About this exercise: In the records below, find the line that contains "- value of S21 at 1.1 GHz (nearest 2 dB)" and the line that contains "Answer as a", then retype exactly those two lines and every line between them.

[Excerpts from a dataset]
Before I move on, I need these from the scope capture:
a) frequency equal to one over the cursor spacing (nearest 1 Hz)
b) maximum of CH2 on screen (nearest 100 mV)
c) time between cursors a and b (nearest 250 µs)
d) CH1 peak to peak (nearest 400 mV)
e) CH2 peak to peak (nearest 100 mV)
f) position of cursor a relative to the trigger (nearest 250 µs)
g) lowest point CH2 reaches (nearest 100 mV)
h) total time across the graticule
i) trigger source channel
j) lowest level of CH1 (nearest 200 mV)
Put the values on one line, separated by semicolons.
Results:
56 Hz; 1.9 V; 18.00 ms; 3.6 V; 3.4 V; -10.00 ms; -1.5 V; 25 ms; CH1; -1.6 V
* * *
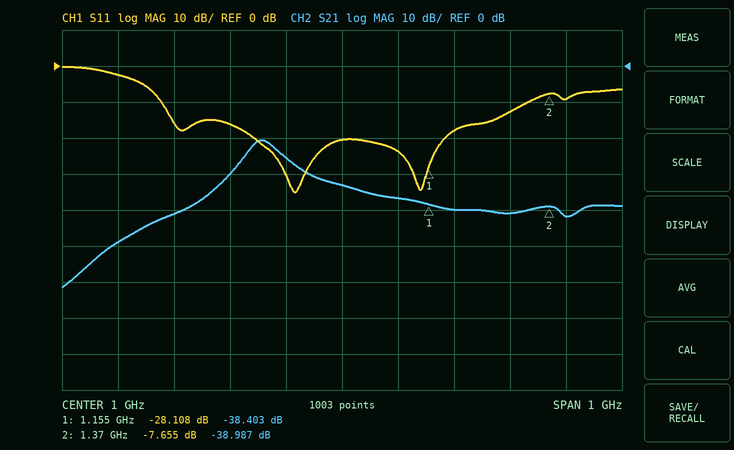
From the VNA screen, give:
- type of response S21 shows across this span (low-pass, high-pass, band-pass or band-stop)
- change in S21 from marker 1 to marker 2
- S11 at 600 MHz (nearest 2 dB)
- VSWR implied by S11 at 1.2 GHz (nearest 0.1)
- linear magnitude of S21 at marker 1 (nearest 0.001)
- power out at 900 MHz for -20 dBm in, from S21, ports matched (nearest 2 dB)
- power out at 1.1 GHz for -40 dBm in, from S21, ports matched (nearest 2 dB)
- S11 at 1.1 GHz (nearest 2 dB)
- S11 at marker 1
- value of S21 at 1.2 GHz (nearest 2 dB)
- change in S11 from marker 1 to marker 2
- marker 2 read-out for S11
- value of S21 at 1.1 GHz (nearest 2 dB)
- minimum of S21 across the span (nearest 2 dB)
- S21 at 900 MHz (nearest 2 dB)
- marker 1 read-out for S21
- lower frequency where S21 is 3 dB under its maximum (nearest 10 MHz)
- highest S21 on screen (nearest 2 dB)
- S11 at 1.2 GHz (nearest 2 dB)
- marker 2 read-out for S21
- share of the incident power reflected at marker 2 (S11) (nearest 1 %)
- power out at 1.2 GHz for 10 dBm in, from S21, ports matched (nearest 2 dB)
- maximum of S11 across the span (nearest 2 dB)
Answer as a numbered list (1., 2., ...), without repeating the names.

The answer:
- value of S21 at 1.1 GHz (nearest 2 dB)
- minimum of S21 across the span (nearest 2 dB)
- S21 at 900 MHz (nearest 2 dB)
- marker 1 read-out for S21
- lower frequency where S21 is 3 dB under its maximum (nearest 10 MHz)
- highest S21 on screen (nearest 2 dB)
- S11 at 1.2 GHz (nearest 2 dB)
- marker 2 read-out for S21
- share of the incident power reflected at marker 2 (S11) (nearest 1 %)
- power out at 1.2 GHz for 10 dBm in, from S21, ports matched (nearest 2 dB)
- maximum of S11 across the span (nearest 2 dB)
Answer as a numbered list (1., 2., ...), without repeating the names.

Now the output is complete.